Blog

Import Logistics: Process or Project?

The advantages of importing products - even with a recently strong dollar - from countries like China, India, Bangladesh and Indonesia are indisputable, to structure a diverse national retail.

It is true that imports meet two key retail goals: - offering a differentiated mix to consumers who are increasingly eager for new items and pricing; - and a possibility of increasing the category's gross margin when compared to a 100% national operation.

However, in our view, an import process can bring great risks to the retailer's forecast results, especially one who needs to coordinate their activities, as fashion retailers.

Therefore, how to manage imports to ensure that they will add and not subtract value in a retailer's Supply Chain?

The first item that must be understood: imports for this retailer are a process or a project? What does that mean?

For a retailer with a continuous flow, such as a supermarket or superstore, which needs to compose its product mix continuously with dry food and general merchandise items, for example, imports are a process.

That is, imports happen all year round, based on a strategic sourcing process that is renewed annually.

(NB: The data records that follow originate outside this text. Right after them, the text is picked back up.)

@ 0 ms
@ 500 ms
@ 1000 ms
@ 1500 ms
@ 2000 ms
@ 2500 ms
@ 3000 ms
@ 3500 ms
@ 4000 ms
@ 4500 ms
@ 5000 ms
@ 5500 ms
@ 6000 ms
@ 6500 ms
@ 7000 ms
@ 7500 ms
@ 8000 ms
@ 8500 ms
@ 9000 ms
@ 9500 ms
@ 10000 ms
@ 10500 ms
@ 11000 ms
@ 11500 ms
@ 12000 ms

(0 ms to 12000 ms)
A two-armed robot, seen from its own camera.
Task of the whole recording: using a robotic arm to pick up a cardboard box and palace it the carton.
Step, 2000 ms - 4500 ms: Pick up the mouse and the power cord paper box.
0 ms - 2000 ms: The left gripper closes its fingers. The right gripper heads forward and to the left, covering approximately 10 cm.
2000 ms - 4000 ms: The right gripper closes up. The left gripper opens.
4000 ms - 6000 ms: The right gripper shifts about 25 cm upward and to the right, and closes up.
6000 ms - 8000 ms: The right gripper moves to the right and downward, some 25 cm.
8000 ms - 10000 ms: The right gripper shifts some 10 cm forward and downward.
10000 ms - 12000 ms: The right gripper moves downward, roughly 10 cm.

An additional feature is that these are manufactured and commoditized products - "make to stock". There is no specific development.

On the other hand, for fashion retailers, imports are a project because each designed collection tends to produce a single result during a specific period. It is the essence of the PMBOK definition for a project. That is, it must be treated as a project from trend analysis to the sale of fashion products at stores.

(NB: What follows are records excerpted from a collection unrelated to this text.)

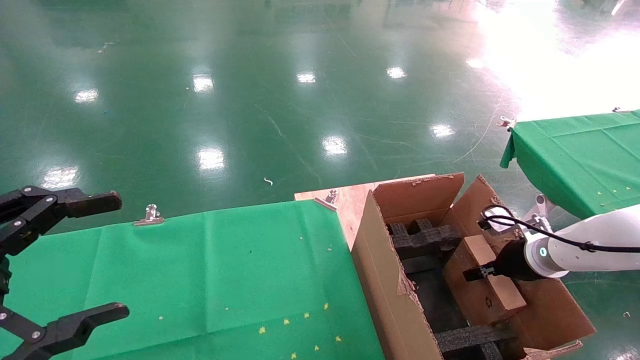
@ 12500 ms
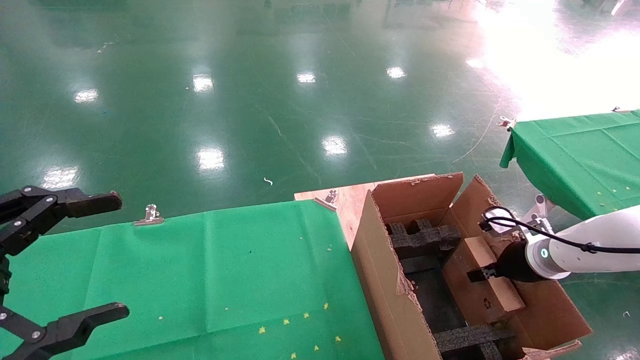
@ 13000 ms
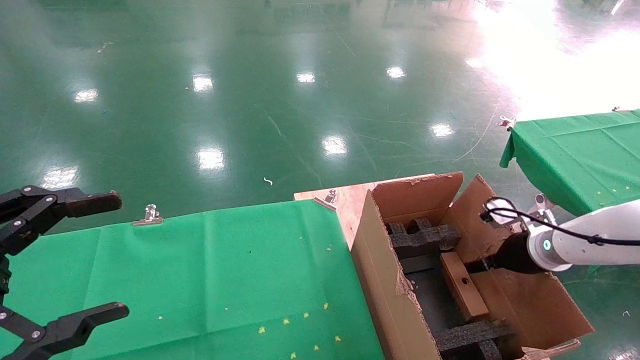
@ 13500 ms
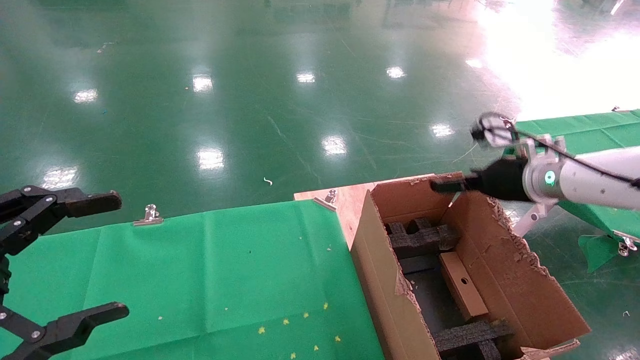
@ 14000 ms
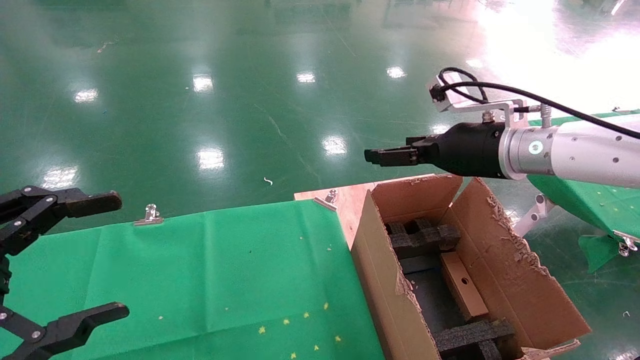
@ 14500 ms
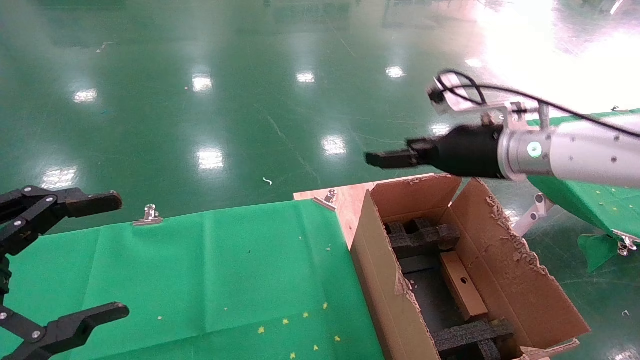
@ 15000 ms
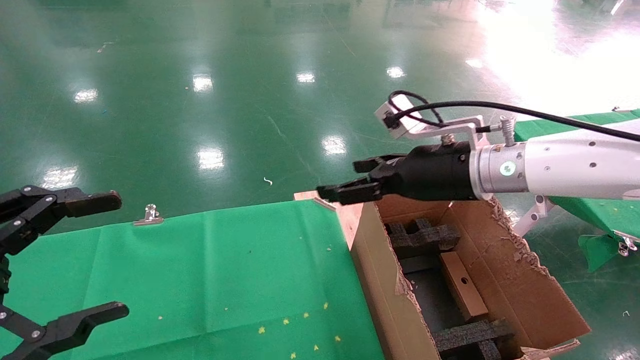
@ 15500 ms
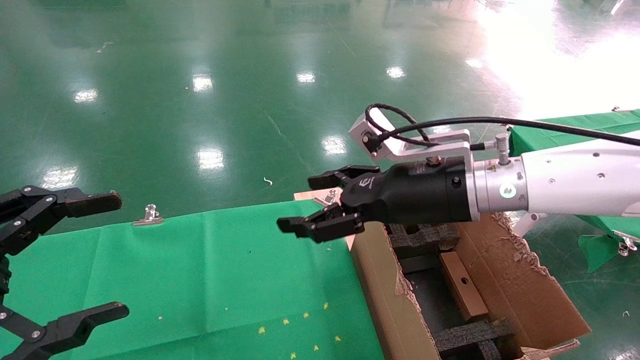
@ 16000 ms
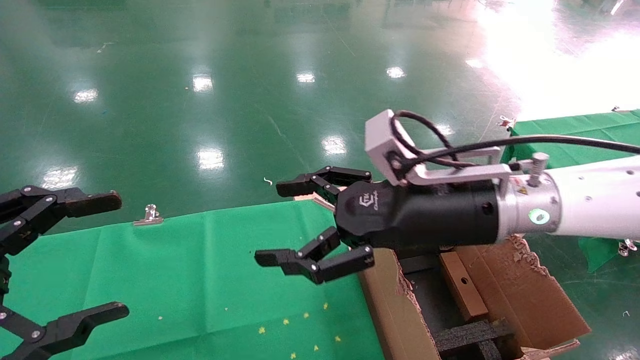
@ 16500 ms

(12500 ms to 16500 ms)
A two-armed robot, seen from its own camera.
Task of the whole recording: using a robotic arm to pick up a cardboard box and palace it the carton.
12500 ms - 14500 ms: The right gripper shifts about 25 cm upward and to the left, and opens.
14500 ms - 16500 ms: The right gripper is displaced to the left and backward by about 15 cm.

Therefore, typical project tools are needed, such as schedule with activities, responsibility assignment and deadlines; and someone who can act as a PMO to manage the fronts that are part of a project, such as scope, deadlines, financial and human resources, supplies, etc.

We at Cosin recently helped a major fashion retailer to structure its imports based on the project concept. In the end, almost paradoxically, it was a project to organize a process:

  • Structure dates;
  • Ensure alignment between areas;
  • Set deadlines and responsibilities;
  • Consider several particularities of product origin/type;
  • Give visibility to ongoing processes;
  • Structure the routine to generate indicators, analysis and taking action (cancel/anticipate/delay/ etc).

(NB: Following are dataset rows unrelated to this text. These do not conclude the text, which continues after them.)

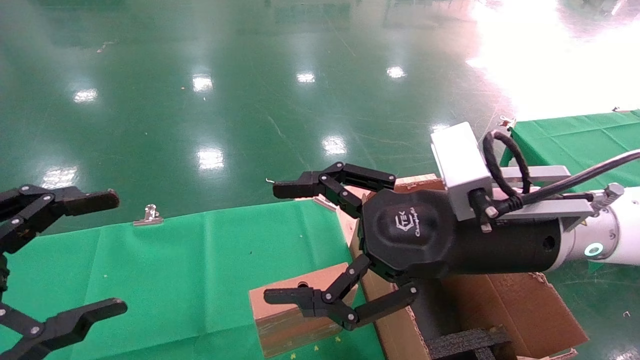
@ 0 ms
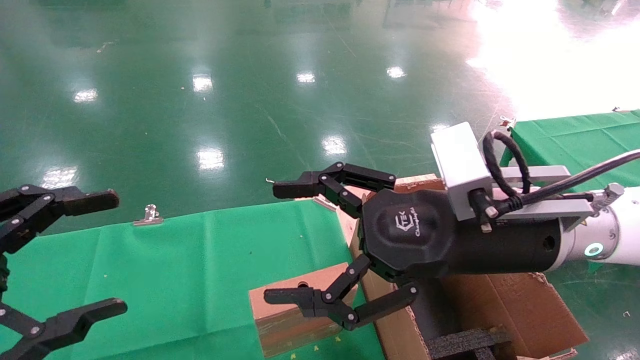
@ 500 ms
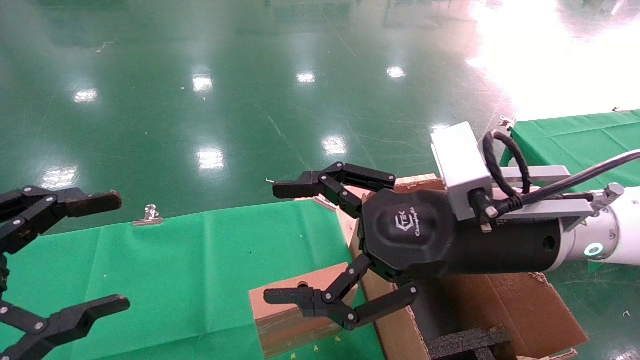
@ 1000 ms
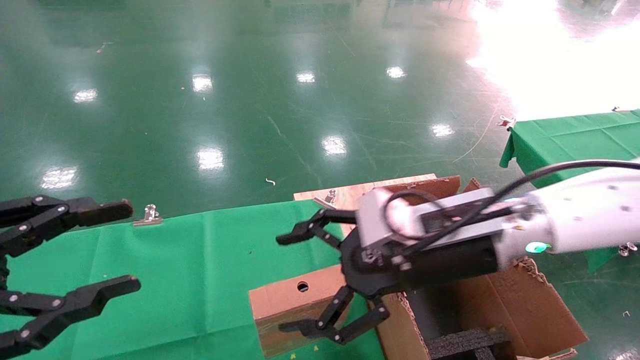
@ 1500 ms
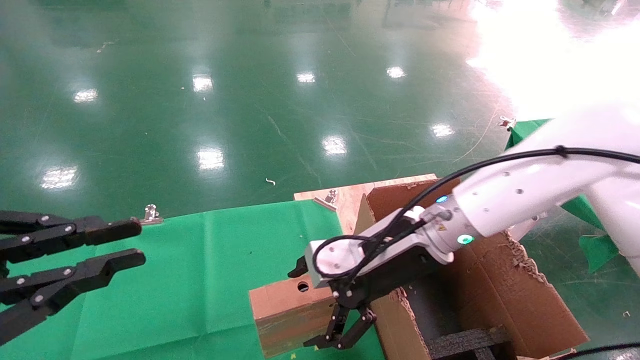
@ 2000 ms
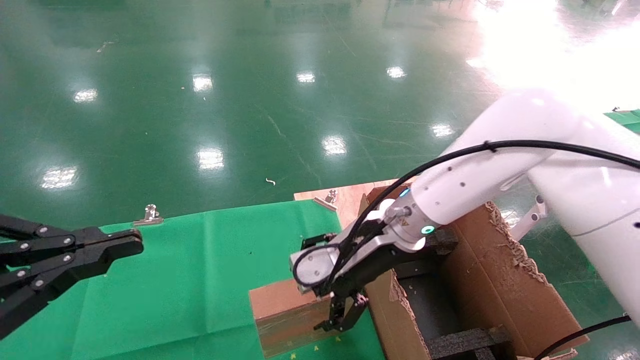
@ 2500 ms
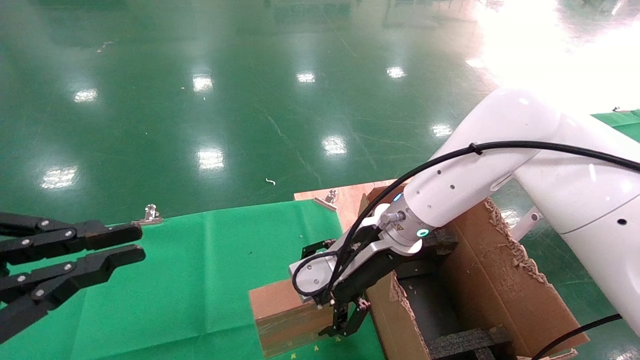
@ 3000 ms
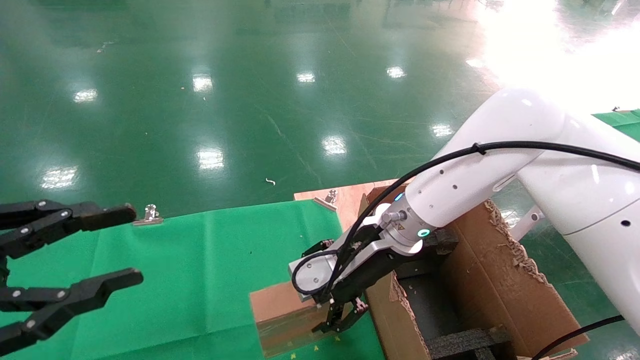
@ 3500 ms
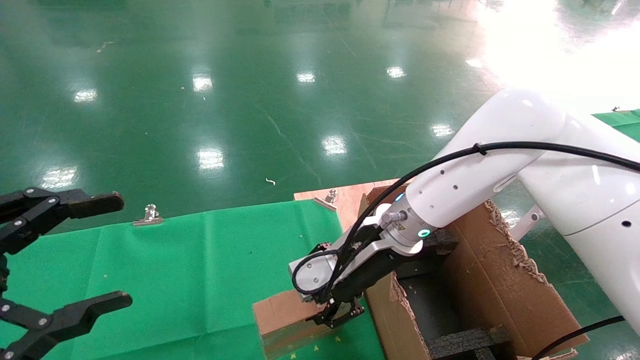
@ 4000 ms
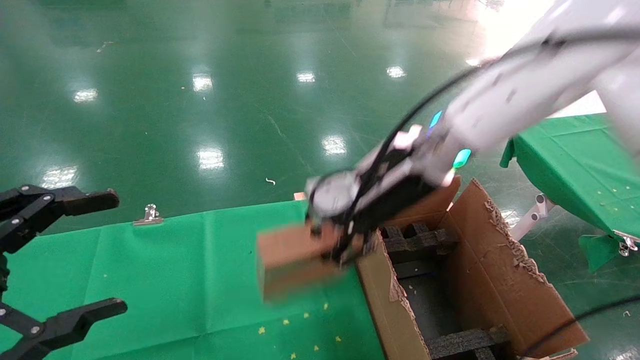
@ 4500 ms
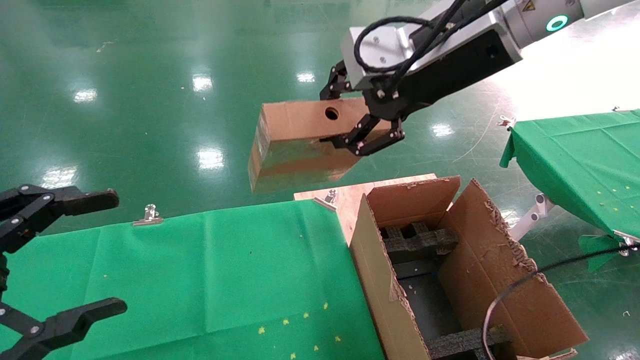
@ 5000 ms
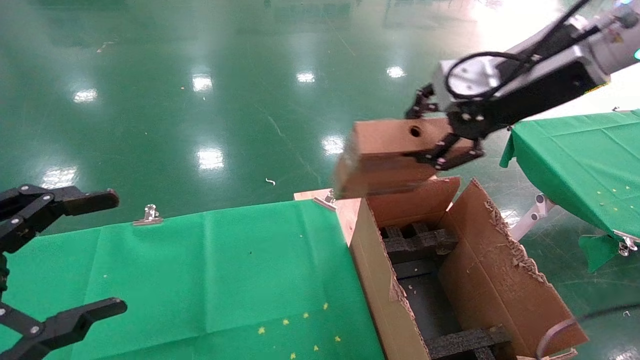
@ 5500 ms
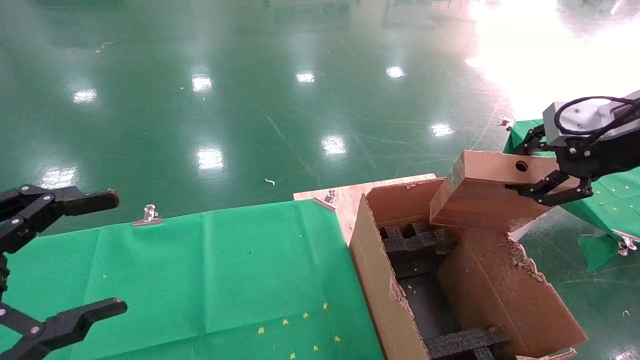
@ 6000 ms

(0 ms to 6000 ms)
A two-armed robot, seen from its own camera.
Task of the whole recording: using a robotic arm to pick up a cardboard box and palace it the carton.
Step, 1500 ms - 3500 ms: Pick up the mouse and the power cord paper box.
0 ms - 2000 ms: The right gripper shifts roughly 10 cm forward and downward; the left gripper closes up.
2000 ms - 4000 ms: The left gripper opens, while the right gripper closes its fingers.
4000 ms - 6000 ms: The right gripper heads to the right and upward, covering approximately 30 cm.

Thus, a management schedule was created for follow-up meetings as well as a detailed schedule for routine management. A "waterfall" chart was also structured to control the different status from production to product arrival in Brazil. All this with a "war room" running alongside to ensure performance of the current "project".

Examples of these products are below:

logistica importacao

logistica importacao2
As a result, the company achieved much better control of import steps, allowing a significant improvement in complying with its commercial planning. And that clearly is reflected in the stores where, for example, national styled jeans need to be matched, at a specific time, with an imported cotton blouse, designed for the winter season and that is much more valued when exposed together with the pair of jeans.

Finally, due to the work developed and monitored by Cosin, this approach has allowed higher "same store sales" with increased margins when compared year over year.
In conclusion, we are certain that importing is an activity that increasingly becomes more important for national retailers, whether for industrial goods or clothing and fashion products.

The degree of value that this activity can bring goes through recognizing initially its nature in the Supply Chain and managing it appropriately.

In times of crisis, an important part of sales and margin may be hidden within your imports. And replacing import is not the strategy that retailers have adopted.